Rheumatoid arthritis (RA) is a chronic autoimmune disease primarily characterized by polyarthritis. RA inflammation primarily affects the synovial membranes of joints; however, the precise mechanisms remain unclear, with no definitive cure currently available. Uncontrolled inflammation leads to joint deformities and bone destruction, significantly impairing the patient's quality of life. Osteoclasts play a crucial role in bone destruction. These multinucleated cells, derived from the monocyte/macrophage lineage, are the only known cells capable of resorbing the bone matrix. Therefore, elucidation of the underlying osteoclast differentiation mechanisms is of significant clinical importance (Shim et al., 2018).

Osteoclastogenesis requires two essential cytokines: macrophage colony-stimulating factor (M-CSF), which supports monocyte/macrophage survival, and receptor activator of NF-κB ligand (RANKL), a key osteoclast differentiation factor. In mouse in vitro models, bone marrow cells cultured with M-CSF are widely used as osteoclast progenitor cells (Sato et al., 2006). However, owing to the limited availability of human bone marrow cells, monocytes isolated from peripheral blood mononuclear cells (PBMCs) are used as standard progenitor sources in humans.

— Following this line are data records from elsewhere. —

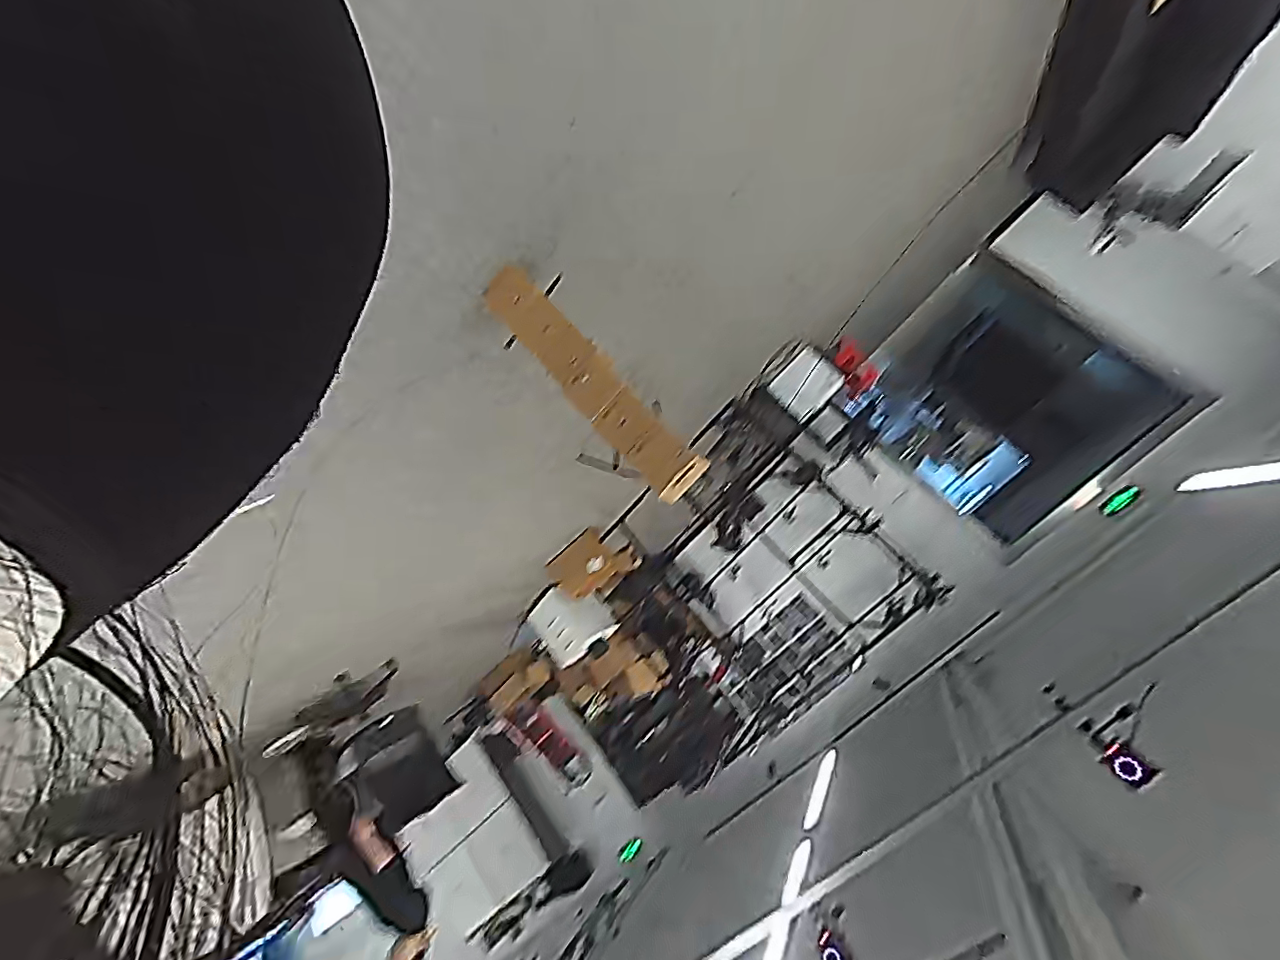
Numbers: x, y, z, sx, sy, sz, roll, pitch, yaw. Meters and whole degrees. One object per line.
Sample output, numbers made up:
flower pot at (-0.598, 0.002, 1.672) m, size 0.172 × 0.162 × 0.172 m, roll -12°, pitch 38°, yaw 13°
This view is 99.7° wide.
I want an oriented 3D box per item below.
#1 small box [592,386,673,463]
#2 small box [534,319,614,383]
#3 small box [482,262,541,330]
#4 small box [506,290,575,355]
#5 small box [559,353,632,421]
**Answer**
small box at (-0.026, -0.181, 1.754) m, size 0.168 × 0.176 × 0.179 m, roll -47°, pitch 158°, yaw 10°
small box at (-0.228, -0.418, 1.859) m, size 0.179 × 0.176 × 0.168 m, roll -45°, pitch 159°, yaw 8°
small box at (-0.443, -0.645, 1.954) m, size 0.179 × 0.176 × 0.168 m, roll -45°, pitch 160°, yaw 8°
small box at (-0.334, -0.530, 1.906) m, size 0.179 × 0.176 × 0.168 m, roll -44°, pitch 159°, yaw 5°
small box at (-0.134, -0.295, 1.802) m, size 0.168 × 0.176 × 0.179 m, roll -46°, pitch 158°, yaw 7°
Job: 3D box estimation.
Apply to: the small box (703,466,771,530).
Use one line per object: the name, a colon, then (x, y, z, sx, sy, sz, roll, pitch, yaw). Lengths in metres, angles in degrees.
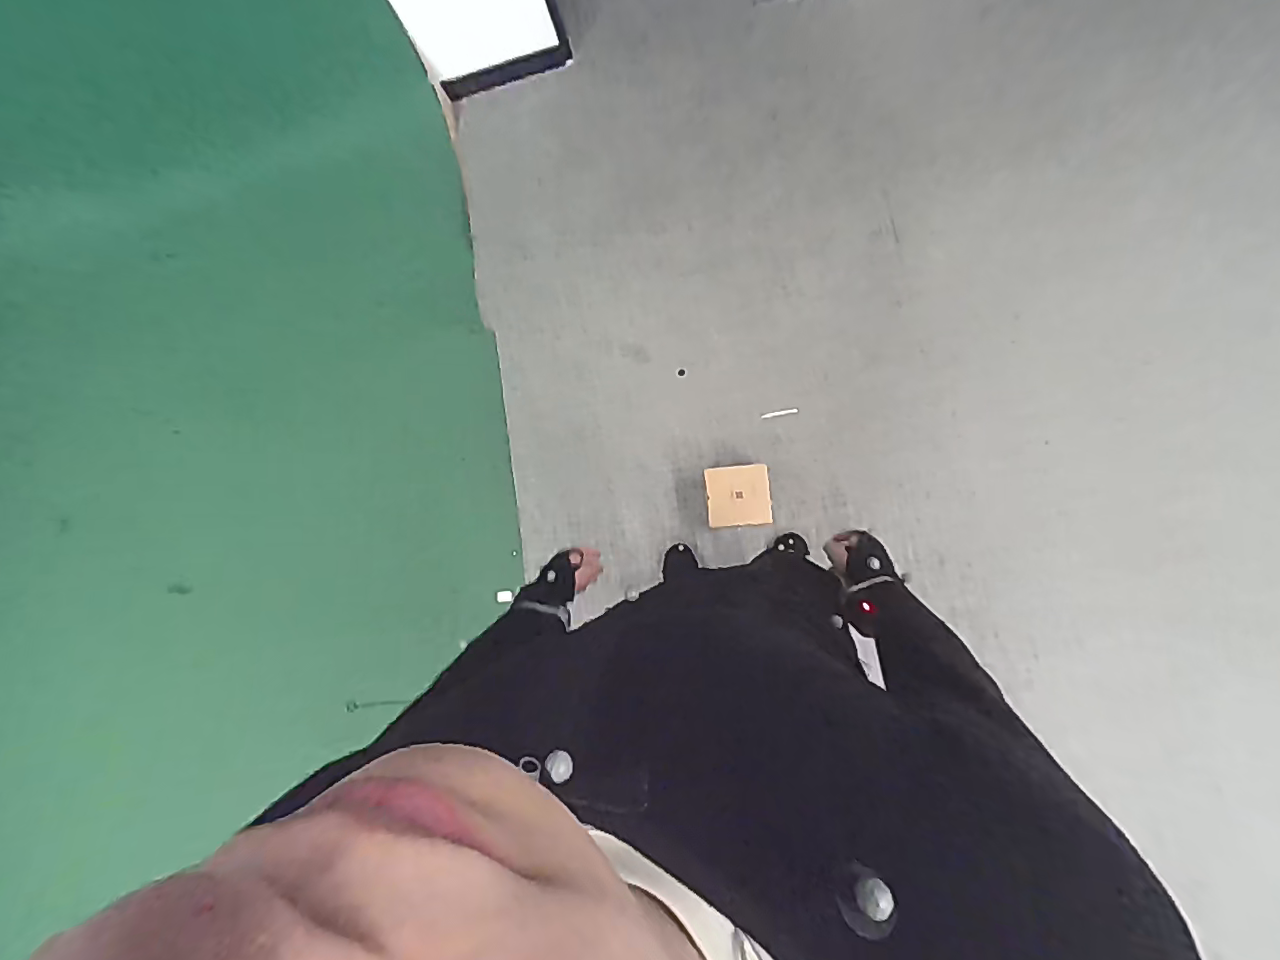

Komano et al. demonstrated that among human monocytes, CD16 monocytes exhibit a higher propensity to differentiate into osteoclasts than CD16+ monocytes (Komano et al., 2006). The former corresponds to the classical monocyte (CD14+CD16) subset among the classical, non-classical, and intermediate monocyte subsets. In vitro, progenitor cells from mice and humans cultured with M-CSF and RANKL generate tartrate-resistant acid phosphatase (TRAP)-positive multinucleated cells with bone-resorbing activity, which are generally considered osteoclasts.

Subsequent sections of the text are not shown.